We Benchmarked AI Models on Large Architecture Diagram Understanding. Most Failed at Scale

In the age of AI-driven development, architecture matters more than ever. Prompts don't change individual lines of code, they change how systems are composed, connected, and allowed to interact. But to change an architecture, you first need to understand what already exists.

In most organizations, that understanding lives in architecture diagrams across tools like Lucid, Draw.io, Miro, and other diagramming platforms.

We benchmarked leading AI models on their ability to understand these diagrams at scale and found that while general-purpose models work on small systems, they break down quickly as complexity grows. Prime maintained accurate system-level understanding even on large, complex architectures, highlighting the difference between describing diagrams and reasoning about real systems.

Why does architecture understanding matter for AI-driven development?

As software systems grow more distributed, interconnected, and automated, architecture has become the primary unit of change. Products are no longer shaped line by line, but by decisions about composition, interaction, and boundaries.

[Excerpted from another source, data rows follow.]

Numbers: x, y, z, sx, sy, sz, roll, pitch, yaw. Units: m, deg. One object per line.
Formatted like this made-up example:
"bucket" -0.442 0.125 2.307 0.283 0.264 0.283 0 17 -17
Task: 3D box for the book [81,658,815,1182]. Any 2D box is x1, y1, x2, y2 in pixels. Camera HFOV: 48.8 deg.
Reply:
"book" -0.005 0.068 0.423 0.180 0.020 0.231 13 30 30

The core decisions that manifest in architecture include:

• How services are composed
• Where trust and responsibility boundaries exist
• Which components are allowed to communicate by default
• How data flows across the system

Once AI enters the development loop, many of these decisions stop being explicit. Choices about service boundaries, dependencies, and integration patterns are increasingly embedded inside prompts and generated artifacts, rather than surfaced through formal design discussions. In practice, the most durable record of those decisions lives in architecture diagrams across tools like Lucid, Draw.io, Miro, PowerPoint, and similar systems-diagrams that reflect how teams actually reason about structure, dependencies, and boundaries.

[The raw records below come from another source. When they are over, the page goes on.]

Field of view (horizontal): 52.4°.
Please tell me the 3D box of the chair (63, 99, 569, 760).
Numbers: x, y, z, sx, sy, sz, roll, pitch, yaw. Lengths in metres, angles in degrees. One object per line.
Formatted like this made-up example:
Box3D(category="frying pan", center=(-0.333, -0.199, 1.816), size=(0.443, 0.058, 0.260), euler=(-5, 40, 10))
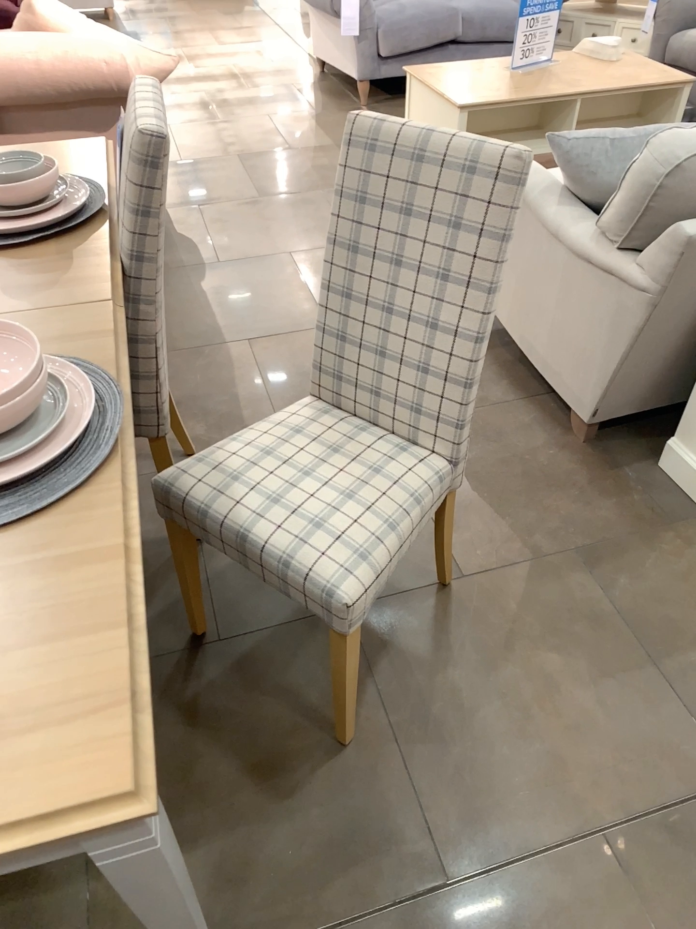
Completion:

That leads to a very practical question: If AI systems are going to contribute to building modern software, can they reliably understand the architectures organizations already use to reason about change?

Where architecture diagram understanding breaks down

In practice, this is where teams start to run into problems.

Through our work at Prime with Security Architecture and Product Security teams, we repeatedly saw the same pattern. Uploading an architecture diagram into an LLM often appears to work at first. The model describes the system, names key components, and even infers a few flows.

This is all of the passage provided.